Прошу вас извинить меня, друзья мои, — продолжал Брюмьер, — что я повторяю эти Легкомысленные слова. Я знаю, что вы рассуждали не так, но, разумеется, я не вступал в споры с моим божеством. Боги всегда правы. Я объяснился в любви моей с истинным красноречием; мне не отвечали еще ни да, ни нет; но я видел, что страсть моя не была неприятна, что ее взрыва ожидали давно и слушали мои длинные объяснения не прерывая. Медора позволяла мне становиться на колени и целовать ее руки. Словом, я ожидаю решения и надеюсь!
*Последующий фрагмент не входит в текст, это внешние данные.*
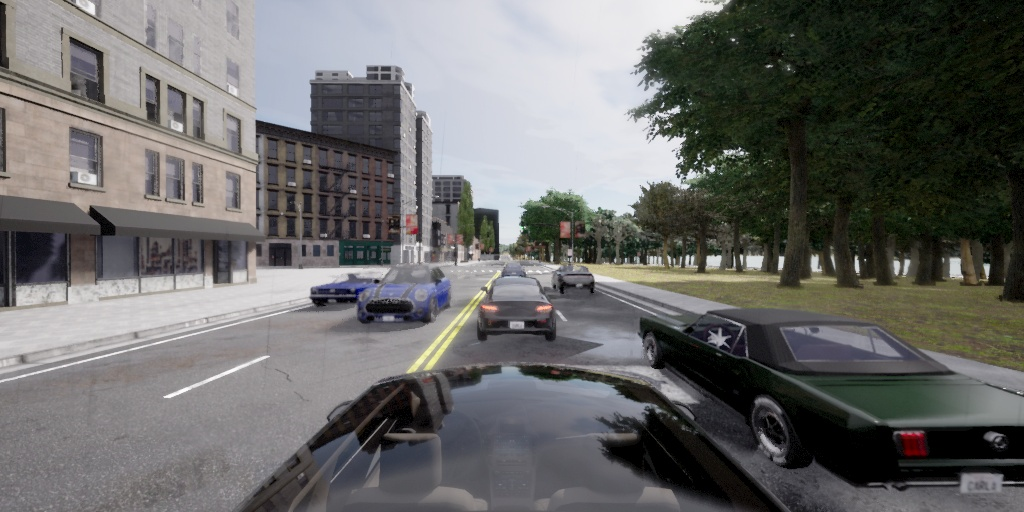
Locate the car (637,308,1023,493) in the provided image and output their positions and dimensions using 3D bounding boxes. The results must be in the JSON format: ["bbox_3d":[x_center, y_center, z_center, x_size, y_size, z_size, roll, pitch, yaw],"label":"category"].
[{"bbox_3d":[3.358,1.350,4.802,1.895,1.301,4.718,0,0,-1],"label":"car"}]

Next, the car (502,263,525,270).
[{"bbox_3d":[0.147,1.301,29.692,1.994,1.385,4.181,0,0,0],"label":"car"}]

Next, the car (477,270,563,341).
[{"bbox_3d":[0.105,1.274,9.778,1.812,1.442,4.674,0,0,0],"label":"car"}]

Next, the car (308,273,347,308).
[{"bbox_3d":[-6.577,1.346,15.340,1.895,1.301,4.718,0,0,0],"label":"car"}]

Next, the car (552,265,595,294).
[{"bbox_3d":[3.381,1.236,20.315,2.128,1.511,4.902,0,0,0],"label":"car"}]

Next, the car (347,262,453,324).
[{"bbox_3d":[-3.334,1.099,11.946,2.097,1.767,4.553,0,0,0],"label":"car"}]
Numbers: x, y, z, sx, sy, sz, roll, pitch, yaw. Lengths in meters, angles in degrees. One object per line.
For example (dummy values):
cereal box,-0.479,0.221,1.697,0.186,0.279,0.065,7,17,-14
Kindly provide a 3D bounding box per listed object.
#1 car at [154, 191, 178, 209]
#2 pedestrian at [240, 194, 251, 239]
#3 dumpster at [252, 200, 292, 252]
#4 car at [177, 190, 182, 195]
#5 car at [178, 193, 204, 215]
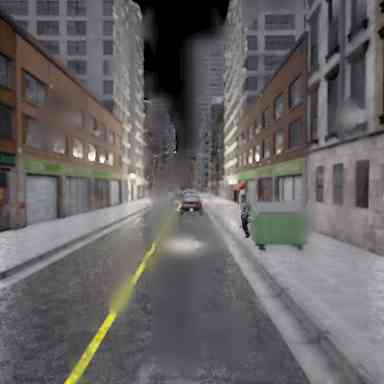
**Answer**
car,-2.951,0.977,35.874,2.128,1.511,4.902,0,1,0
pedestrian,2.124,0.945,13.345,0.375,1.860,0.375,-1,1,-14
dumpster,2.977,1.208,12.560,1.020,1.700,1.940,0,1,0
car,-2.983,0.389,76.083,1.837,1.490,4.892,0,1,0
car,-0.032,1.094,28.335,1.837,1.490,4.892,0,1,0
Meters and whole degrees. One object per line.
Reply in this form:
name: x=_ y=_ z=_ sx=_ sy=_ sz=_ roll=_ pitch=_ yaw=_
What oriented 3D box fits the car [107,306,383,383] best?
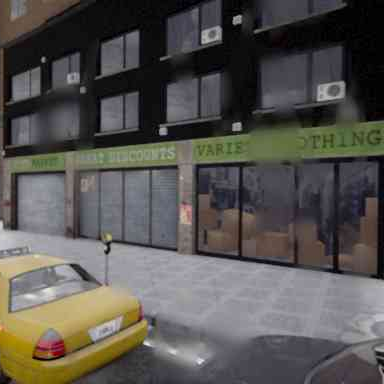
car: x=1.826 y=1.551 z=1.786 sx=4.403 sy=1.369 sz=2.008 roll=0 pitch=1 yaw=36

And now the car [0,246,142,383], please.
car: x=-2.857 y=1.526 z=5.133 sx=4.829 sy=1.417 sz=1.752 roll=0 pitch=1 yaw=36
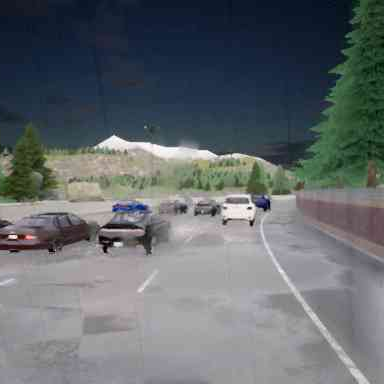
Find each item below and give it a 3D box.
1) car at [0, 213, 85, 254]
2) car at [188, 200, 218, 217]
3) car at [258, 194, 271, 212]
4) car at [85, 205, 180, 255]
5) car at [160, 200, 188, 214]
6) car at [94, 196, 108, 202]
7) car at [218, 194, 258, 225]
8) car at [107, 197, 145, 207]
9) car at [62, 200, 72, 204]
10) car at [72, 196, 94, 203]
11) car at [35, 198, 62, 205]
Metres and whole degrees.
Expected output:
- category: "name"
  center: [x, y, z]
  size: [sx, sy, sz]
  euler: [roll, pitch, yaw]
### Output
- category: "car"
  center: [-5.604, 1.544, 13.562]
  size: [2.033, 1.411, 5.357]
  euler: [0, 0, 8]
- category: "car"
  center: [1.562, 1.485, 30.815]
  size: [2.128, 1.511, 4.902]
  euler: [0, 0, 15]
- category: "car"
  center: [8.040, 1.216, 39.572]
  size: [2.150, 2.045, 5.566]
  euler: [0, 0, 20]
- category: "car"
  center: [-2.071, 1.489, 13.283]
  size: [2.128, 1.511, 4.902]
  euler: [0, 0, 8]
- category: "car"
  center: [-1.724, 1.484, 32.007]
  size: [2.128, 1.511, 4.902]
  euler: [0, 0, 16]
- category: "car"
  center: [-11.551, 1.515, 47.699]
  size: [1.812, 1.442, 4.674]
  euler: [0, 0, 21]
- category: "car"
  center: [3.489, 1.218, 24.200]
  size: [2.150, 2.045, 5.566]
  euler: [0, 0, 12]
- category: "car"
  center: [-5.621, 1.471, 31.043]
  size: [1.882, 1.535, 5.008]
  euler: [0, 0, 14]
- category: "car"
  center: [-17.510, 1.552, 51.740]
  size: [1.994, 1.385, 4.181]
  euler: [0, 0, 21]
- category: "car"
  center: [-14.888, 1.340, 48.739]
  size: [2.097, 1.767, 4.553]
  euler: [0, 0, 20]
- category: "car"
  center: [-21.607, 1.589, 50.753]
  size: [1.895, 1.301, 4.718]
  euler: [0, 0, 20]
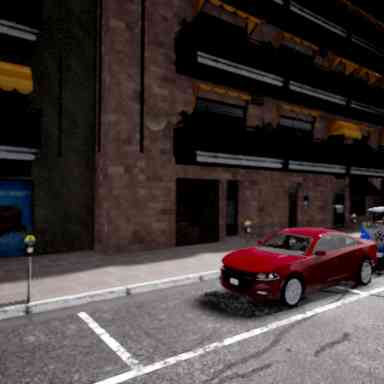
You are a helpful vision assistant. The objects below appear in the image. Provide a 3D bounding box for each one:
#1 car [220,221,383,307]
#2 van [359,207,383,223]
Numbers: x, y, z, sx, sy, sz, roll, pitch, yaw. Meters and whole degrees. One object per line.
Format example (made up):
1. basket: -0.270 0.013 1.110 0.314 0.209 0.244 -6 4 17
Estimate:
1. car: 2.687 1.561 7.994 4.507 1.381 1.887 0 0 -35
2. van: 7.326 1.373 11.288 3.998 1.788 1.690 0 0 -35
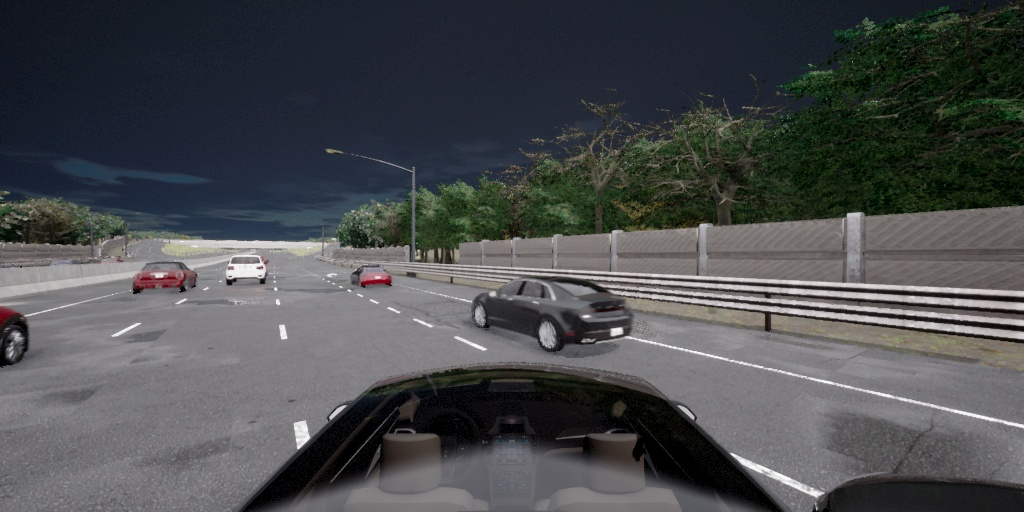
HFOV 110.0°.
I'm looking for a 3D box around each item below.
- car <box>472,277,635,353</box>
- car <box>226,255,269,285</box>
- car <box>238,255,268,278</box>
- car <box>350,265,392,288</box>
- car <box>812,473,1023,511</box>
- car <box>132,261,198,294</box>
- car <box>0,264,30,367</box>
[{"bbox_3d":[0.702,1.254,9.044,1.837,1.490,4.892,0,0,-34],"label":"car"},{"bbox_3d":[-19.268,0.960,26.142,2.150,2.045,5.566,0,0,-34],"label":"car"},{"bbox_3d":[-25.255,0.951,35.094,2.150,2.045,5.566,0,0,-34],"label":"car"},{"bbox_3d":[-9.590,1.310,24.283,1.994,1.385,4.181,0,0,-34],"label":"car"},{"bbox_3d":[2.987,1.315,0.389,4.181,1.385,1.994,0,0,34],"label":"car"},{"bbox_3d":[-19.841,1.092,20.707,2.097,1.767,4.553,0,0,-34],"label":"car"},{"bbox_3d":[-9.087,1.100,4.776,2.097,1.767,4.553,0,0,-34],"label":"car"}]
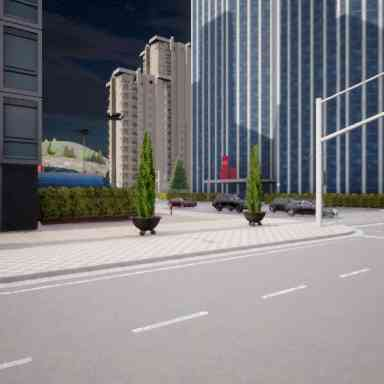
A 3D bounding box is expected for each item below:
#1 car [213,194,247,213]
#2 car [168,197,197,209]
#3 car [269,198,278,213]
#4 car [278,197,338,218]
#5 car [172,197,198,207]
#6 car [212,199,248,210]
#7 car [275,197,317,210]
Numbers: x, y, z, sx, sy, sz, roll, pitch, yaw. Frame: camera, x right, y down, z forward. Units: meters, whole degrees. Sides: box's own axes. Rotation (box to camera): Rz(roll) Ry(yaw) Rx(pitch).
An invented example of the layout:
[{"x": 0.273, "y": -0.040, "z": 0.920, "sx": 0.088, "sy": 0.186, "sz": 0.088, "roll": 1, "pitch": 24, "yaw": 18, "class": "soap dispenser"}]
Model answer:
[{"x": 4.787, "y": 1.231, "z": 37.600, "sx": 2.150, "sy": 2.045, "sz": 5.566, "roll": 0, "pitch": 0, "yaw": -36, "class": "car"}, {"x": -1.500, "y": 1.487, "z": 46.297, "sx": 1.882, "sy": 1.535, "sz": 5.008, "roll": 0, "pitch": 0, "yaw": -36, "class": "car"}, {"x": 10.557, "y": 1.362, "z": 35.596, "sx": 2.097, "sy": 1.767, "sz": 4.553, "roll": 0, "pitch": 0, "yaw": -36, "class": "car"}, {"x": 10.523, "y": 1.501, "z": 29.683, "sx": 2.128, "sy": 1.511, "sz": 4.902, "roll": 0, "pitch": 0, "yaw": -36, "class": "car"}, {"x": -1.096, "y": 1.574, "z": 51.714, "sx": 1.994, "sy": 1.385, "sz": 4.181, "roll": 0, "pitch": 0, "yaw": -36, "class": "car"}, {"x": 4.899, "y": 1.611, "z": 43.415, "sx": 1.895, "sy": 1.301, "sz": 4.718, "roll": 0, "pitch": 0, "yaw": -36, "class": "car"}, {"x": 13.591, "y": 1.504, "z": 43.639, "sx": 2.128, "sy": 1.511, "sz": 4.902, "roll": 0, "pitch": 0, "yaw": -36, "class": "car"}]
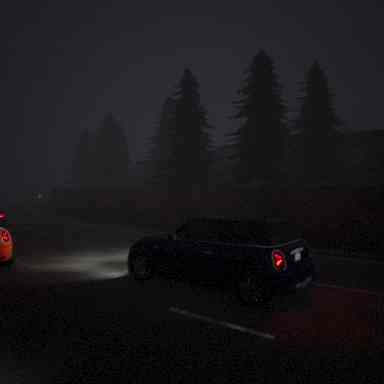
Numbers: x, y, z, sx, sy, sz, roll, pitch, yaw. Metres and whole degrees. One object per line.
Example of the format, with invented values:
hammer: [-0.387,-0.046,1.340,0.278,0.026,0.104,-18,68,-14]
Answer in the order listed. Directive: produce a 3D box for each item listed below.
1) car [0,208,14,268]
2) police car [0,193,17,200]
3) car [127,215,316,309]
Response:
car: [-7.289,1.303,10.131,4.553,1.767,2.097,0,0,41]
police car: [-42.238,1.098,76.854,1.930,1.638,5.238,0,0,-1]
car: [0.490,1.339,8.134,4.553,1.767,2.097,0,0,38]
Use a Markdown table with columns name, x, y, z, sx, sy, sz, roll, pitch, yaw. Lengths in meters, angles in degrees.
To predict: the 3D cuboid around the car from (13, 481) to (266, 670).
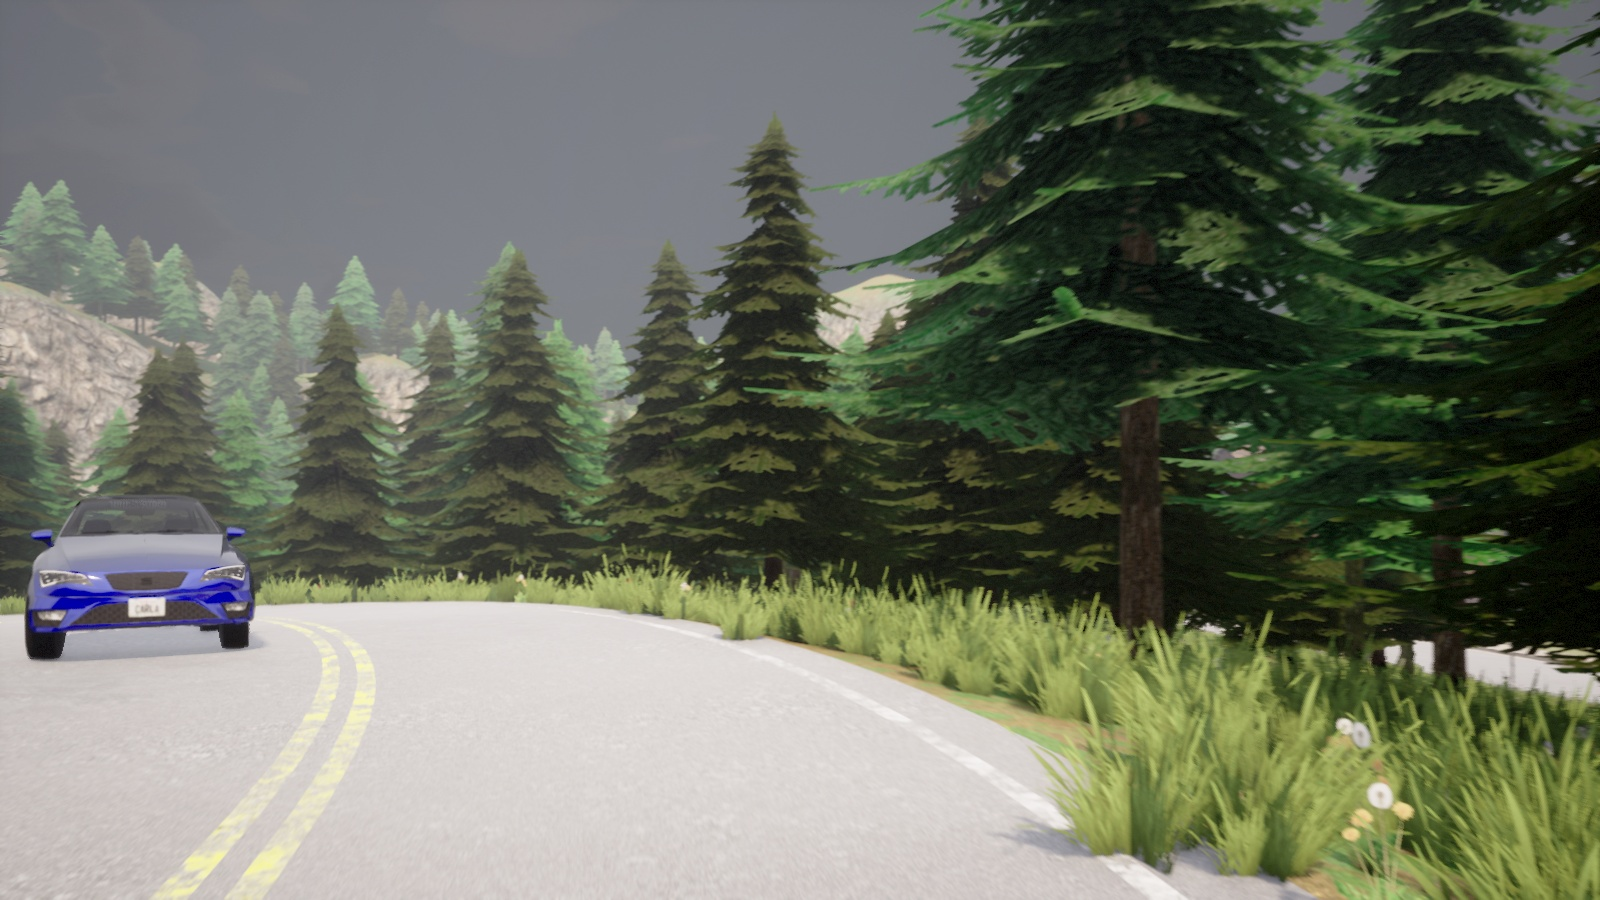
| name | x | y | z | sx | sy | sz | roll | pitch | yaw |
| --- | --- | --- | --- | --- | --- | --- | --- | --- | --- |
| car | -6.377 | 1.137 | 12.120 | 1.816 | 1.474 | 4.193 | 1 | -4 | -29 |

Молите со мною Бога, чтобы эта женитьба не понравилась леди Гэрриет, потому что, если она согласится, Медора не будет уже иметь предлога желать тайного брака, и союз со мной потеряет для нее всю прелесть; она желает этого только по духу противоречия; для ее разочарованного воображения нужна борьба: если нет борьбы, она умирает со скуки, и мне часто приходит мысль сказать ей, что я не люблю ее и не хочу ней жениться. Если бы у меня достало на это храбрости, я убежден, она уверила бы себя самое, что она от меня без ума, и вышла бы за меня, чтобы взбесить меня.
Это предположение Брюмьера было так основательно, что я было подумал то же посоветовать ему, руководствуясь своим собственным опытом. Нет сомнения, что Медора так упорно желала быть моей женой только по причине моего к ней равнодушия. Но по своему простодушию я не мог учить моего приятеля притворству, напротив, старался убедить его, что в подобных обстоятельствах, приводимых случаем или прихотью, брак его с Медорой сделал бы его несчастным и несколько унизил бы его; но это невозможно было растолковать ему. Он видел в этой женитьбе победу трудную и редкую, борьбу гордости и хитрости, случай, который принесет честь его ловкости в любовных делах и его настойчивости.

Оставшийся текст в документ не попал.